While she derives some inspiration from feminist artists like Judy Chicago and Miriam Schapiro, Comeau also felt inspired in her work with the Massachusetts Department of Youth Services. There, she teaches art to students who are 14 to 22 years old, serving sentences in secure treatment facilities. “Frequently, they have experienced trauma within their ‘families of origin’ and often do not identify with society’s idealized image of well-functioning ‘normal’ family,” she said. “I share a similar feeling.

Her art, she explained, is a way of processing that trauma by performing tasks such as seam ripping, laundering, ironing and stitching. She both literally and figuratively mends and repairs, what she called “an act of exorcising memory and building hope.” Even when life is seemingly in tatters, there is something to be built from it.

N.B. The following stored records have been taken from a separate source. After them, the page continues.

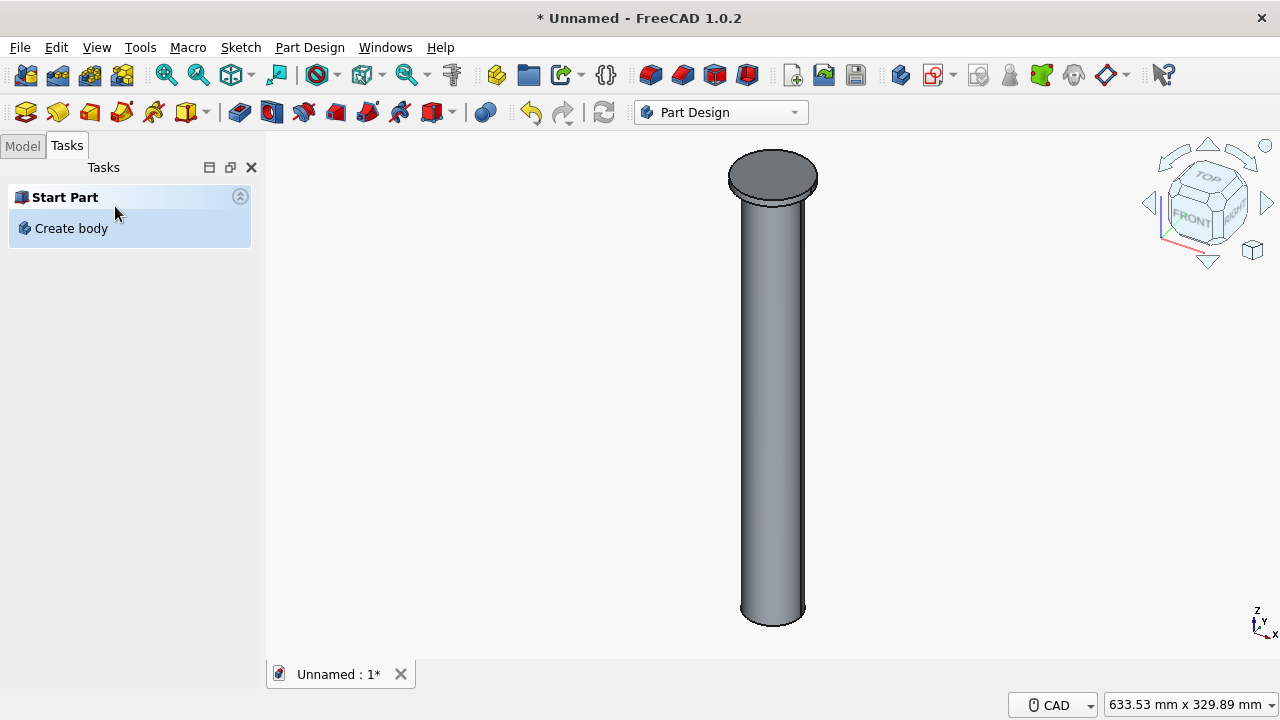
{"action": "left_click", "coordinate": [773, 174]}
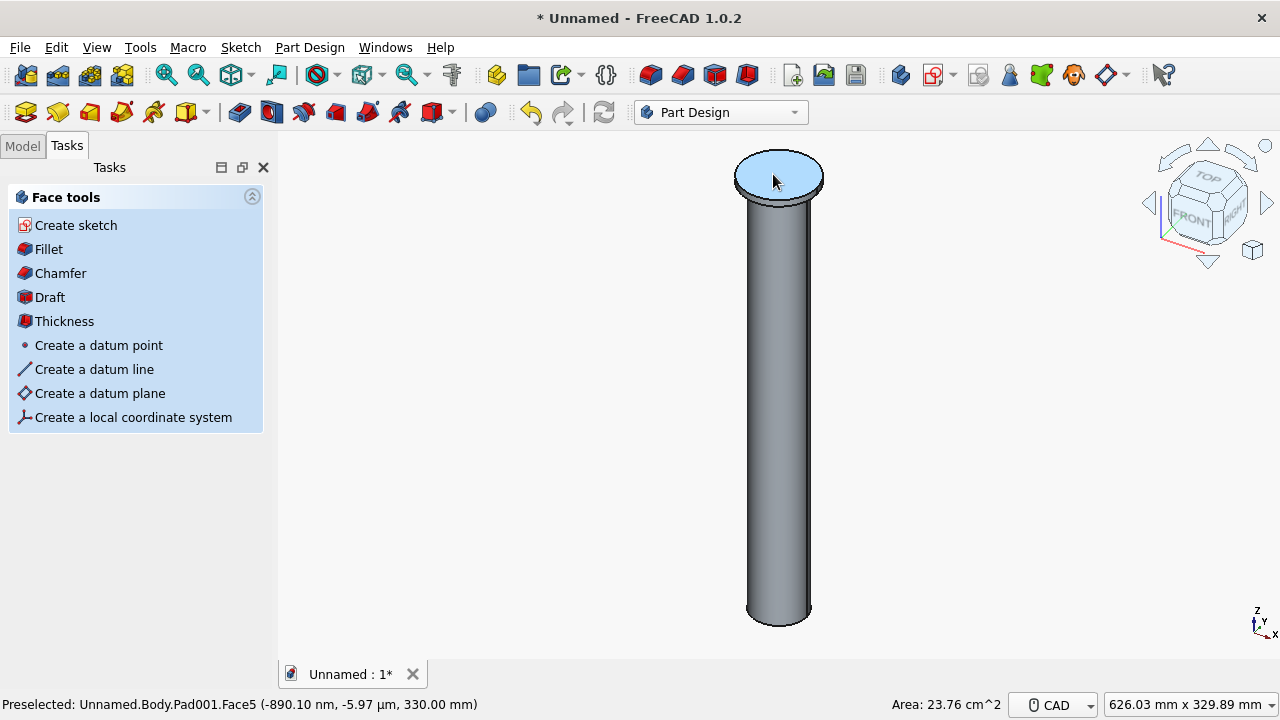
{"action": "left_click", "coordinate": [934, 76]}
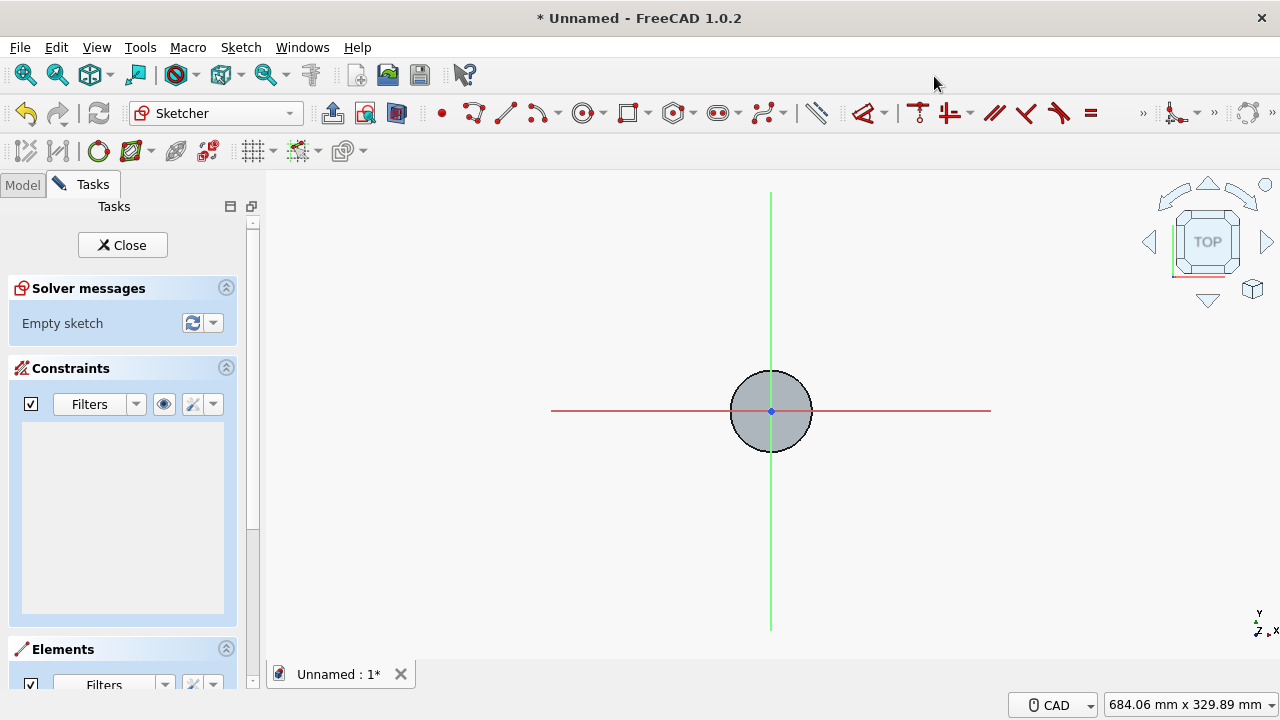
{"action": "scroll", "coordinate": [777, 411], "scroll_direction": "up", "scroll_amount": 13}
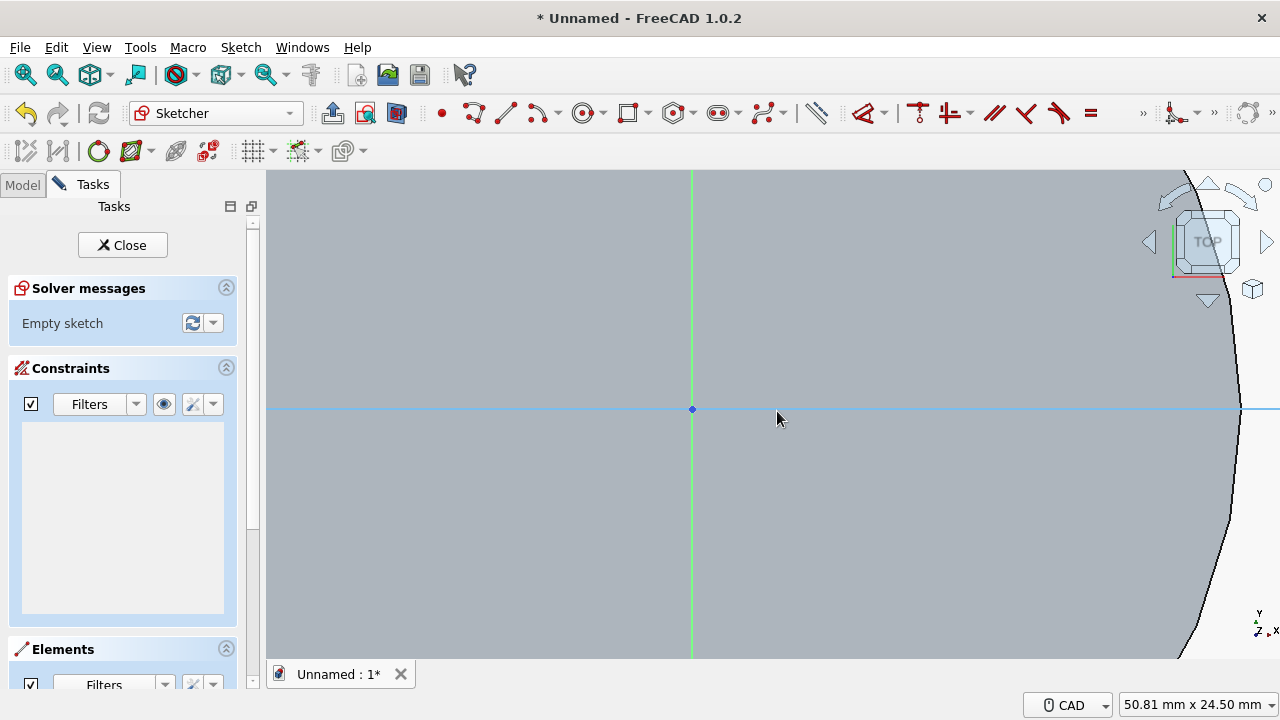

“Family of Origin” is on display at the Chandler Gallery from July 9-August 3. The opening reception will be held on July 12, 6-8 p.m. The Chandler Gallery is a program under the umbrella of the Agassiz Baldwin Community, a private, non-profit organization that has provided quality programs and services in the Cambridge community for over 40 years. Agassiz Baldwin Community also manages Maud Morgan Arts, a full arts program of classes and workshops for all ages. Maud Morgan Arts works to reflect the diversity of talents of the community, bringing people together to make art, share art, and support visual arts education.